Z uporem będę twierdził, że przeciekają nam przez palce olbrzymie
pieniądze w skali kraju. Z ustawy zozowskiej można wprost wnosić, że ubezpieczenie nie obejmuje skutków opilstwa w przypadku hospita-lizacji, o ile przyczyną podjętego leczenia są wyłącznie toksyczne skutki spożytego alkoholu. Praktyka pokazuje,
że taka sytuacja ma charakter zgoła rzadki. Duch w narodzie taki, że po spożyciu przychodzi ułańska fantazja do używania narzędzi mechanicznych typu cyrkularka, wsiadanie do coraz szybszych samochodów,
ostatecznego rozwiązania zadawnionego
sporu z sąsiadem, bądź też rycerskich pojedynków z rywalem
o względy ukochanej po wyjściu
z dyskoteki. Bania oraz następstwa przytoczonych tutaj przykładowych sytuacji powoduje skutki zdrowotne do ciężkich obrażeń ciała włącznie, celowo pomijam skutki śmiertelne na miejscu zdarzenia, jako niezwiązane z problemem. Obrażenia w pijanym widzie nie niosą za sobą konieczności odpłatności za świadczenie. Pytanie, czy w ramach systemu solidarnościowego
i koszyka „wszystkim wszystko”, opisana wyżej sytuacja ma trwać?

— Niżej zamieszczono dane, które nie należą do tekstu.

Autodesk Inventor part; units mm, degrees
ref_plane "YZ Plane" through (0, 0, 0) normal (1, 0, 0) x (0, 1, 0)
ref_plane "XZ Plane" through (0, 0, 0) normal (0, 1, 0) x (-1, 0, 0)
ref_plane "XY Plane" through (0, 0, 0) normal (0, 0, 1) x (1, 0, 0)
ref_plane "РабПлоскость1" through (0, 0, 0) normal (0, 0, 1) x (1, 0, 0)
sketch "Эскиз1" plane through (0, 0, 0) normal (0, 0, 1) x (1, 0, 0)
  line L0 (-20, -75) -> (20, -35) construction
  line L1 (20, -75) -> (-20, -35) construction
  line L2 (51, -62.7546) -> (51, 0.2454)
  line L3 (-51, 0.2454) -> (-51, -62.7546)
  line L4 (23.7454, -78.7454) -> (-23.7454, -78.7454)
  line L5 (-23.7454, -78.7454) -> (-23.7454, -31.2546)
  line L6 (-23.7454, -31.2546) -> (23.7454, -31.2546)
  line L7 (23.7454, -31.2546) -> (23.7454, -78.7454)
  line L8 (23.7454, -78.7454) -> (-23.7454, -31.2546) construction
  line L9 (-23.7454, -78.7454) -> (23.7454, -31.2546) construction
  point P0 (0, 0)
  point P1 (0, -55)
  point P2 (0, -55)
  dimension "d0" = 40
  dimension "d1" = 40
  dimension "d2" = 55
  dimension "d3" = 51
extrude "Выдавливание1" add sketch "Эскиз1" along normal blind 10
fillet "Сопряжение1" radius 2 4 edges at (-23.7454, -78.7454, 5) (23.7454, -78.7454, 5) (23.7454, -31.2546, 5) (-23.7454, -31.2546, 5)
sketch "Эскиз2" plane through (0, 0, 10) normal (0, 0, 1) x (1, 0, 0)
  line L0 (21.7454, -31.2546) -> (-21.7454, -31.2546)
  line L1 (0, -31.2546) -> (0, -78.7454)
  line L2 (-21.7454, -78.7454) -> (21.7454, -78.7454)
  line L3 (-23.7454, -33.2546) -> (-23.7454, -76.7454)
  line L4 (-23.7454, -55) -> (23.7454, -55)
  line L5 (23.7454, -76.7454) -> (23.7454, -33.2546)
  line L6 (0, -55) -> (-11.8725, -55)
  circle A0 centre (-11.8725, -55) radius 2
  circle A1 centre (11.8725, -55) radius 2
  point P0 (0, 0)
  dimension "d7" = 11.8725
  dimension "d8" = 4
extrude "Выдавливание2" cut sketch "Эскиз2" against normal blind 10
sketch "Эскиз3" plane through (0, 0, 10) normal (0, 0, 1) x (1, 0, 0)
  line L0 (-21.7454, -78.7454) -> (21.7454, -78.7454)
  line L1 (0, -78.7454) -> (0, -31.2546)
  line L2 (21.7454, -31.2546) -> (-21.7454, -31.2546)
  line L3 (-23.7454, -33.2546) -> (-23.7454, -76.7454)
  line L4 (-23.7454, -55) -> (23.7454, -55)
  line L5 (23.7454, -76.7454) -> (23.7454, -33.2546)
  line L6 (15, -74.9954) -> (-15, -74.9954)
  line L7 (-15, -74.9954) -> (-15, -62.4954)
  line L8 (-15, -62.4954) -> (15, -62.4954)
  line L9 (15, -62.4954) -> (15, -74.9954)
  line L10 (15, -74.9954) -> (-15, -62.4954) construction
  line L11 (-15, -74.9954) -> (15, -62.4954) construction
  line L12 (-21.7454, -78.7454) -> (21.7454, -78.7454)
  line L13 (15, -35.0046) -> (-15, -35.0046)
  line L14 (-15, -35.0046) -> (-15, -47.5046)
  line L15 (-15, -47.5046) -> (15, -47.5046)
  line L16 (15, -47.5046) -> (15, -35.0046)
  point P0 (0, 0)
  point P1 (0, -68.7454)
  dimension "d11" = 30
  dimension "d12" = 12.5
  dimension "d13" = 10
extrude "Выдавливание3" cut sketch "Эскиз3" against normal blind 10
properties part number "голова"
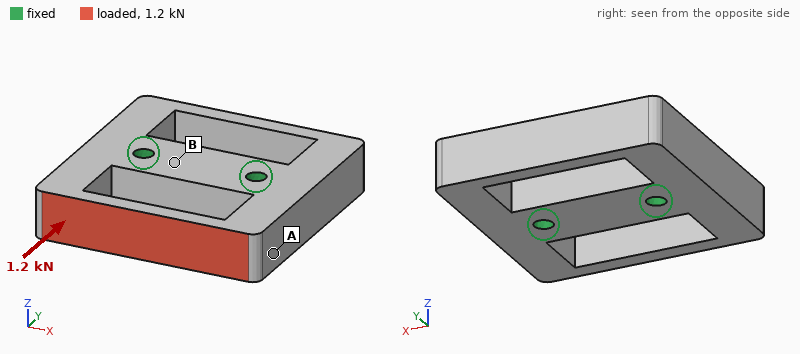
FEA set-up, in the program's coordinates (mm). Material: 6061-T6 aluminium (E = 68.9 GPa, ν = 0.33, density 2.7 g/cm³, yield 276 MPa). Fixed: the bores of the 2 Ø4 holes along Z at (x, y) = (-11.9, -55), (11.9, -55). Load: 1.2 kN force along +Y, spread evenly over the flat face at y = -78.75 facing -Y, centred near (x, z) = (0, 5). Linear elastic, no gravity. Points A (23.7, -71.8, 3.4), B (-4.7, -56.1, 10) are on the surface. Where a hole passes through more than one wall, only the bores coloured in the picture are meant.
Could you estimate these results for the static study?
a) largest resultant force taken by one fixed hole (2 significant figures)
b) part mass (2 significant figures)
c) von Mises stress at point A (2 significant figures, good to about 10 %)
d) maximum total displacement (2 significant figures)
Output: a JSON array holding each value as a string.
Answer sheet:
["620 N", "40 g", "14 MPa", "43 µm"]
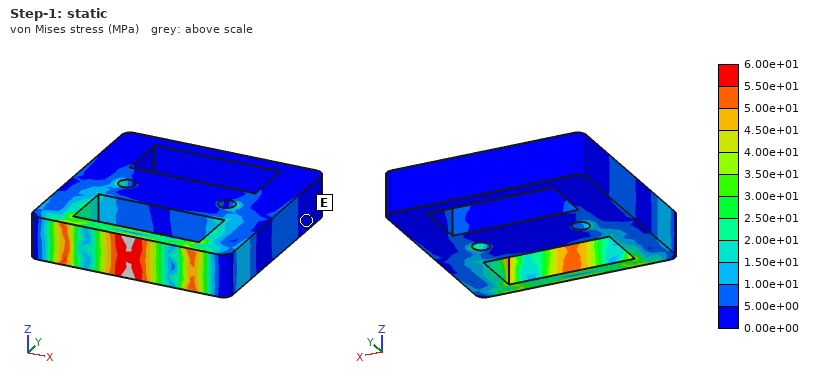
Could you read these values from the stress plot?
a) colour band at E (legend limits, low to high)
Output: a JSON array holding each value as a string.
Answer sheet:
["0.00e+00 to 5.00e+00 MPa"]
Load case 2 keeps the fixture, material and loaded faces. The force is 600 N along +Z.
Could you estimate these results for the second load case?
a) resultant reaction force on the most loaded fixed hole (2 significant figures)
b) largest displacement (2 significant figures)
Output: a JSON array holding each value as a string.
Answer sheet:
["300 N", "46 µm"]
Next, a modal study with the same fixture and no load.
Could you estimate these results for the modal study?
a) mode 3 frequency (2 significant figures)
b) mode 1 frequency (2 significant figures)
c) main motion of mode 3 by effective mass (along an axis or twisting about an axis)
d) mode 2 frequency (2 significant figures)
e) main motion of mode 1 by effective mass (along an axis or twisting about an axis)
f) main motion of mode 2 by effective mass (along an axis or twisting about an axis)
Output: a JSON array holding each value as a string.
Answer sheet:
["10000 Hz", "7900 Hz", "along Z", "8700 Hz", "twisting about X", "twisting about Z"]

W mojej ocenie jest nieuprawniona.
Czy pijany kierowca samo-
chodu winien być objęty ubezpieczeniem zdrowotnym z powodu złamanego uda i stłuczenia mózgu -
w ramach solidarności i powszechności, obecnie tak, a rozbierając to na zdrowy rozum i posługując się analogią do prawa drogowego i systemu ubezpieczeniowego pojazdów niekoniecznie. A co z pasażerem? Przed wypiciem powinieneś przewidzieć, że jazda z pijanym kolesiem niesie nie tylko ryzyko dla życia i zdrowia, lecz również braku ubezpieczenia leczenia
potencjalnych skutków wypadku.
Z sytuacji, która mogłaby hipotetycznie
zafunkcjonować, należałoby wyłączyć dzieci do 16 roku życia, potem stopień rozeznania podjętego działania jest adresowany wprost do kieszeni rodziców.
Piątek i sobota w szpitalnym oddziale
ratunkowym lub izbie przyjęć to dni pracowite. Oceniam, że po godzinie 20, ilość po spożyciu progresywnie
narasta, zaś około północy lub później z wyjątkami, w ramach dyżuru chirurgicznego lub ortopedycznego,
przechodzi w standard. Bluzgi,
wrzaski, trochę demolki. Policja próbuje pomagać, lecz oni do tego mają lepsze i gorsze dzielnice. I dość charakterystyczny scenariusz: rana głowy, 2,5 promila, bełkot, fizjologia
w najmniej wyrafinowanym wydaniu. A kogo interesuje ciąg dalszy, to proszę: badanie przedmiotowe, szycie rany, citowa tomografia głowy /z uwagą, że chory z podejrzeniem guza czeka na to badanie w kolejce/ i oddział. Płyny 2500 ml, szczepionka tężcowa i około dziesiątej rano po wizycie, delikwent
z oddechem smoka wawelskiego, komunikuje
w trybie ultymatywnym: „chcę się wypisać na żądanie”. To jest wersja soft, w wersji hard jest jeszcze ryk, przeszkadzanie chorym, próba
umeblowania sali po swojemu. Czasem, jeśli coś poważniejszego
w drugiej dobie delirka. Można mnożyć przykłady. Choć opisany powyżej przykład soft jest dość znamienny.
Pytanie jest proste i czytelne? Czy tylko hospitalizacja powodowana wyłącznie toksycznym skutkiem użycia alkoholu jest odpłatna? Czy może jednak rachunek
każdemu, który po pijanemu ulega urazom, do rozważenia inne zachorowania - tu proponowałbym szczegółowy koszyk świadczeń.
Nie do przecenienia jest rola edukacyjno-
profilaktyczna poprzez portfel, lecz to stanowi osobne zagadnienie.